-- RECORDS PROVIDED follows --
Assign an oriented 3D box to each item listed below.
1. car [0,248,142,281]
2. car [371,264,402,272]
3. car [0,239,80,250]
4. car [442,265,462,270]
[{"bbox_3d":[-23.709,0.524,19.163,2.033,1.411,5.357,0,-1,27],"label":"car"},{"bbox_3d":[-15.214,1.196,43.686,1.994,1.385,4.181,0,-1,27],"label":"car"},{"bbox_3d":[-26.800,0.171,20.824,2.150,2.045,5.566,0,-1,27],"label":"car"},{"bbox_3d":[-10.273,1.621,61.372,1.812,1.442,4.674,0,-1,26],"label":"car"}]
-- RECORDS PROVIDED concluded --
Find the line that contains "1. car [0,248,142,281]". Write out that line and every line after it through the end of the data, exactly, and nothing else.

1. car [0,248,142,281]
2. car [371,264,402,272]
3. car [0,239,80,250]
4. car [442,265,462,270]
[{"bbox_3d":[-23.709,0.524,19.163,2.033,1.411,5.357,0,-1,27],"label":"car"},{"bbox_3d":[-15.214,1.196,43.686,1.994,1.385,4.181,0,-1,27],"label":"car"},{"bbox_3d":[-26.800,0.171,20.824,2.150,2.045,5.566,0,-1,27],"label":"car"},{"bbox_3d":[-10.273,1.621,61.372,1.812,1.442,4.674,0,-1,26],"label":"car"}]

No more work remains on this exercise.